Et, tout en nous donnant les explications qui précèdent, le président soulevait le guéridon et frappait des coups avec les pieds.

Après quoi, il reprit :

« — Vous venez de comprendre, messieurs, quelles sont les qualités que doit avoir un guéridon dans toute représentation pseudo-spirite, quel est son rôle, quel est enfin le rôle du soi-disant médium et celui de l’aimable farceur indifférent.

« Eh bien, laissez-moi vous ajouter que, dans de telles conditions, tout marche en général sur des roulettes, c’est bien le cas de le dire. Les plus remarquables séances sont toujours celles qui ont lieu, en présence d’imbéciles, entre complices, coquins ou indifférents. Alors, les prétendues manifestations marchent avec ensemble, les coups, roulements, demandes, réponses, etc., etc. ; tout cela est net, bien frappé, bien tranché. Le simulateur et le plaisant qui aime à mystifier, qui est content et fier de poser un instant pour la galerie et de berner toute une société, s’entendent alors admirablement. Rien ne manque, à la profonde admiration des bons gogos.

« — Quelle merveilleuse soirée ! disent-ils en s’en allant ; quel médium ! et comme les esprits étaient ce soir favorablement disposés ! »

« Mais, hélas ! il n’en est plus de même lorsqu’un convaincu ou qu’un névropathe se mêle de la chose, et cet homme est un fléau que les pseudo-médiums craignent cent mille fois plus que les malins, dont nous allons avoir à nous occuper aussi.

« Vous avez vu tout à l’heure ce qui s’est passé pour notre collègue le professeur Hans Sundström. À son insu, il a été pris d’une crise, d’une tétanie d’abord, puis de convulsions rythmiques de tout son système nerveux généralisées, mais qui pendant un temps se sont localisées aux muscles extenseurs de la région dorsale des avant-bras.

« Dans ces cas, vous comprenez, n’est-ce pas, messieurs, que le guéridon craque et remue, admirablement ; mais avec quelle incohérence alors aussi ? Plus rien n’est réglé, les coups succèdent aux roulements, et ceux-ci s’entremêlent avec les levées alternatives de pieds.
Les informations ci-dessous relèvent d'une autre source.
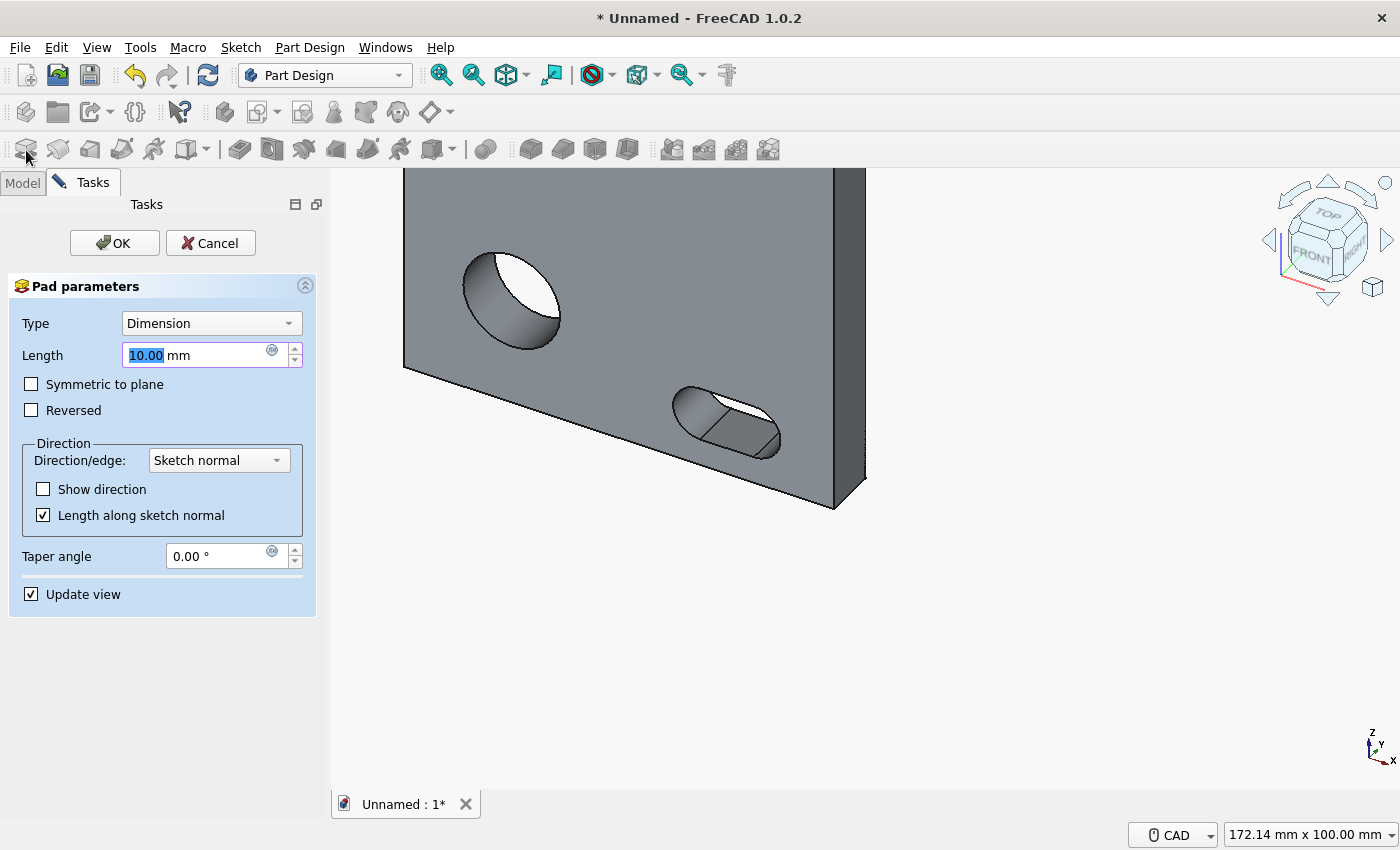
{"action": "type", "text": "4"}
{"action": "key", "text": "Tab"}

Bonsoir, dans ce cas, la séance ; elle est irrémédiablement perdue.

« — Les esprits sont mal disposés ce soir, dira-t-on à la ronde ; ou bien : nous avons affaire à des esprits loustics ou incohérents qui veulent s’amuser. »

« Le fin mot est que le névropathe inconscient en état de crise remue et contracte ses muscles aux hasards de la période, ne peut se maîtriser, encore moins être maîtrisé, et produit par conséquent cette cacophonie.